3 January 2018

Pietro Metastasio – poet and librettist

From street entertainer to leading libretto writer

Pietro Metastasio became Europe's
most celebrated librettist 
Pietro Metastasio, who became Europe’s most celebrated opera librettist in the 18th century, was born on this day in 1698 in Rome.

He was christened Pietro Antonio Domenico Trapassi, one of four children born to Felice Trapassi, from Assisi and Francesca Galasti from Bologna. His father served in the papal forces before becoming a grocer in Via dei Cappellari.

While still a child, Pietro could attract crowds by reciting impromptu verses. On one occasion, in 1709, Giovanni Vincenzo Gravina, director of the Arcadian Academy, stopped to listen. He was so impressed that he made the young boy his protégé and later adopted him, changing his surname to Metastasio.

He provided the young Metastasio with a good education and encouraged him to develop his talent.

When Gravina was on his way to Calabria on a business trip, he exhibited Metastasio in the literary circles of Naples, but after the young boy became ill, he placed him in the care of a relative to help him recuperate.

Gravina decided Metastasio should never improvise again but should concentrate on his education and reserve his talent for nobler efforts.

The title page of Metastasio's libretto Glo orti esperidi
The title page of Metastasio's libretto
Glo orti esperidi
At the age of 12, Metastasio translated the Iliad into octave stanzas and two years later he composed a tragedy based on Gravina’s favourite epic poem.

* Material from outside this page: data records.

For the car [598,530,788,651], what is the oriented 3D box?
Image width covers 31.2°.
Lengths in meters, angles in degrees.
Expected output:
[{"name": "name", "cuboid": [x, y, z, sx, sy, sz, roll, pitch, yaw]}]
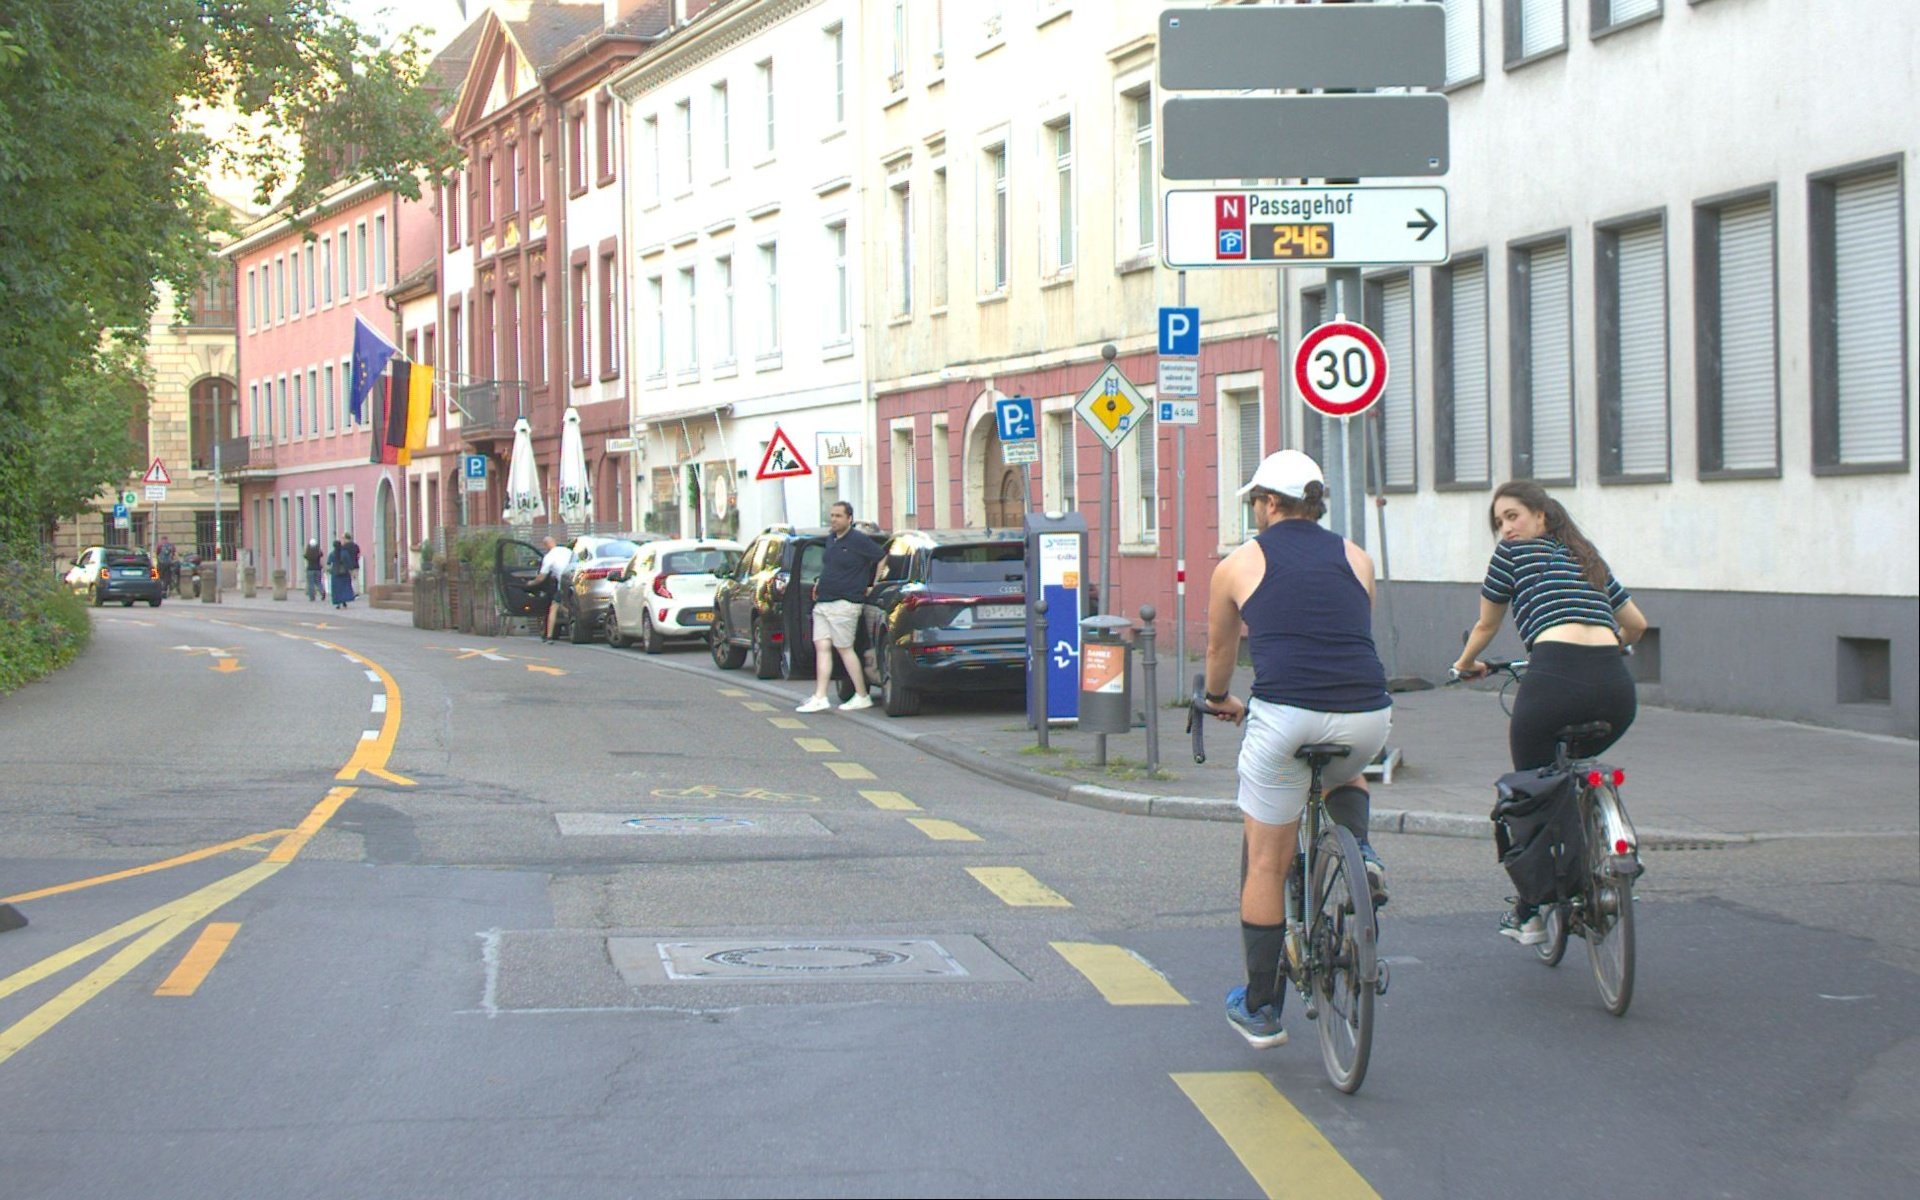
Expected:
[{"name": "car", "cuboid": [-3.678, -0.167, 46.789, 1.812, 1.554, 3.866, -1, 1, -16]}]

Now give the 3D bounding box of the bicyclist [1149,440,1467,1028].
[{"name": "bicyclist", "cuboid": [0.951, 0.355, 9.528, 0.668, 1.560, 0.699, 1, 1, -11]}]

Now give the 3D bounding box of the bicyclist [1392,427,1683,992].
[{"name": "bicyclist", "cuboid": [1.855, 0.335, 11.136, 0.649, 1.754, 0.864, 1, 1, -9]}]

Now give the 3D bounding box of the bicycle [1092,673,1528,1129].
[{"name": "bicycle", "cuboid": [0.923, 0.778, 9.617, 0.669, 1.067, 1.902, 0, 1, -11]}]

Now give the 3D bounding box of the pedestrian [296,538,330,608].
[{"name": "pedestrian", "cuboid": [-16.421, -0.698, 87.243, 0.750, 1.756, 0.586, -1, 1, -18]}]

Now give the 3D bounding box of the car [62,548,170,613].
[{"name": "car", "cuboid": [-21.071, -0.503, 85.702, 1.812, 1.554, 3.865, -1, 1, -26]}]

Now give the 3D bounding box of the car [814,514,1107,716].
[{"name": "car", "cuboid": [-0.068, 0.083, 30.847, 1.812, 1.676, 3.921, -1, 1, -13]}]

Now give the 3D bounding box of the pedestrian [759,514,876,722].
[{"name": "pedestrian", "cuboid": [-1.301, 0.151, 31.300, 0.900, 1.859, 0.932, -1, 1, -12]}]

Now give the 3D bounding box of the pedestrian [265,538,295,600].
[{"name": "pedestrian", "cuboid": [-17.433, -0.804, 88.180, 0.667, 1.576, 0.586, -1, 1, -18]}]

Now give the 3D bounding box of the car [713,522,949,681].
[{"name": "car", "cuboid": [-1.512, -0.021, 38.750, 1.812, 1.678, 4.001, -1, 1, -15]}]

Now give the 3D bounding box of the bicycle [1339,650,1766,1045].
[{"name": "bicycle", "cuboid": [1.855, 0.742, 11.150, 0.652, 1.067, 2.259, 1, 1, -9]}]

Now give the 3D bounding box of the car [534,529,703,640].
[{"name": "car", "cuboid": [-5.100, -0.262, 50.969, 1.812, 1.554, 3.866, -1, 1, -16]}]

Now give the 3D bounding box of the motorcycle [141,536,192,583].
[{"name": "motorcycle", "cuboid": [-21.670, -1.120, 93.860, 1.041, 1.244, 2.399, -1, 1, -20]}]

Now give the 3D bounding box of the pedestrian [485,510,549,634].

After Gravina died, Metastasio inherited his fortune. He recited an elegy to his patron at a meeting of the Arcadian Society in Rome.

But within two years he had spent all his money and he decided to become a lawyer in Naples.

While working in a lawyer’s office he composed a poem for Donna Anna Francesca Ravaschieri Pinelli di Sangro on the occasion of her marriage to the Marchese Don Antonio Pignatelli.

In 1722, while Naples was under Austrian rule, he was asked to compose a serenata to mark the birthday of Empress Elisabeth Christine. He wrote Gli orti esperidi, which was set to music by Nicola Porpora and featured Porpora’s pupil, the castrato Farinelli.

Marianna Bulgarelli, who played Venus in the opera, persuaded Metastasio to give up law and promised him fame and financial independence.

In her house he met the great composers of the day, such as Scarlatti and Pergolesi, who later set his plays to music. Bulgarelli adopted him, along with the whole Trapassi family, who came to live with them.

The monument in Metastasio in  Rome's Piazza della Chiesa Nuova
The monument in Metastasio in
Rome's Piazza della Chiesa Nuova

Metastasio wrote a string of dramas, earning a reasonable sum of money for each work, but he always longed for a fixed income.

When he was offered the post of court poet in Vienna he accepted willingly and set off at once, leaving his family in Bulgarelli’s devoted care.

Between the years 1730 and 1740 he wrote some of his finest dramas for the imperial theatre.

The libretto for Adriano in Siria was used by more than 60 composers during the 18th and early 19th centuries.

From about 1745 his output began to decline, although some of the cantatas he wrote at that time were later to become very popular.

His works were translated into French, English, German, Spanish and modern Greek and set to music over and over again by the top composers.

Metastasio died in 1782, while still in Vienna , at the age of 84.

The Palazzo Farnese is now used for the French Embassy
The Palazzo Farnese is now used for the French Embassy
Travel tip:

The Arcadian Society in Rome used to meet at Palazzo Farnese, the home of the former Queen of Sweden. Queen Christina had abdicated from her throne, converted to Roman Catholicism and moved to Rome, where she became a cultural leader and the protector of artists, musicians and writers. She was allowed to lodge in Palazzo Farnese, an important renaissance building, by Pope Alexander VII.  The palace, in Piazza Farnese in the Campo dè Fiori area of Rome is now used as the French Embassy.

The Teatro San Bartolomeo 
Travel tip:

Metastasio’s libretto for the opera Didone abbandonato, with music by the composer Domenico Sarro, was first heard at the Teatro San Bartolomeo in Naples in 1724. Teatro San Bartolomeo closed in 1737 when the newly-built Teatro San Carlo replaced it as the royal opera house in Naples . It was demolished to make way for the Chiesa di Santa Maria delle Grazie, but remnants of the old theatre’s boxes can still be seen in the church, which is in vico Graziella al Porto, behind the Church of the Pietà dei Turchini, accessible through narrow alleys from Via Medina in the San Giuseppe Carità district.